Um dos grandes lançamentos do ano

Por Ivan Pinheiro Machado*

“Falem de batalhas, de reis e de elefantes” é um belo livro. E não é nenhum exagero colocar este lançamento entre os grandes acontecimentos literários do ano. O francês Mathias Énard, autor inédito no Brasil, escreveu “Zone”, “La rue des voleurs” (Rua dos ladrões), “Tout será oublier” (Tudo será esquecido) entre outros livros. 

Nasceu em 1972 e acumula em seu país vários prêmios como o “Prix Goncourt des Lycéens” e o “Prix Du livre em Poitou-Charentes” somente para este “Falem de batalhas…”. O tema é fascinante: no dia 13 de maio de 1506, Michelangelo desembarcou em Constantinopla para projetar uma ponte sobre o Corno de Ouro no estreito de Bósforo a pedido do Sultão Bayiazid. O grande pintor, arquiteto e escultor vivia um momento difícil na sua vida de “artista da corte”. E desafiando a cólera do temido Papa Julio II, o papa guerreiro, ele simplesmente desapareceu de Florença, deixando inacabado o projeto da tumba suntuosa do próprio Papa em Roma. Lá em Constantinopla, o poderoso Sultão tinha a esperança de que o legendário Michelangelo poderia dar cabo ao desafio que o já célebre Leonardo da Vinci não conseguira vencer. Bayiazid rtinha recusado o projeto de Da Vinci, por achá-lo simplório demais.
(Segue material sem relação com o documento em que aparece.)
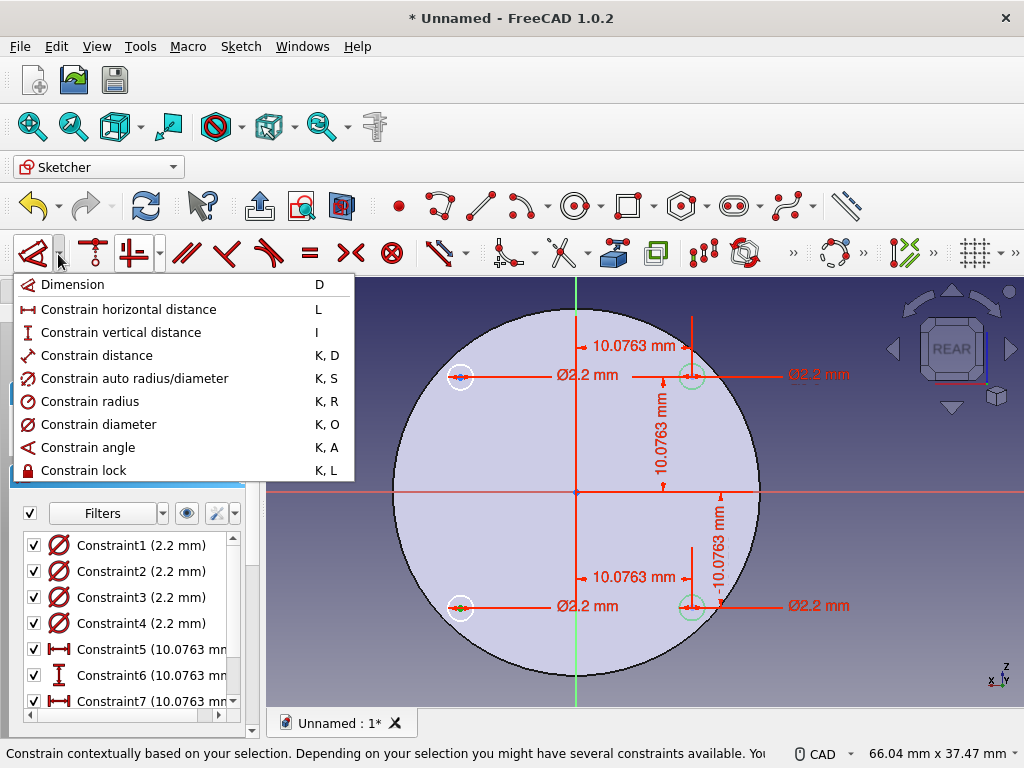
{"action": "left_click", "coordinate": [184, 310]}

E é partindo desta passagem obscura da biografia de Michelangelo que Mathias Énard constrói esta novela brilhante. Misto de romance histórico e ficção, o autor usa a prerrogativa do escritor. Ou do “fingidor”, como dizia Fernando Pessoa referindo-se ao ofício de escrever poesia. Tudo são verdades? Onde é o limite entre os fatos e a farsa?

Baseado em fragmentos de verdade, Énard solta a imaginação apoiado na atmosfera mítica e mística da Istambul do século XVI. Reconstitui o ambiente de fausto e mistério, os personagens enigmáticos e a perplexidade do mestre italiano diante do mundo muçulmano, da arquitetura inebriante e sedutora com seus minaretes e abóbadas sensuais. E entre ficção e realidade o autor reconstitui o curto período da estada de Michelangelo Buonarroti em Istambul. O resultado é esta novela de leitura arrebatadora, que é contada com o mesmo fascínio das histórias nas quais se fala de batalhas, de reis e de elefantes.

* Editor da L&PM.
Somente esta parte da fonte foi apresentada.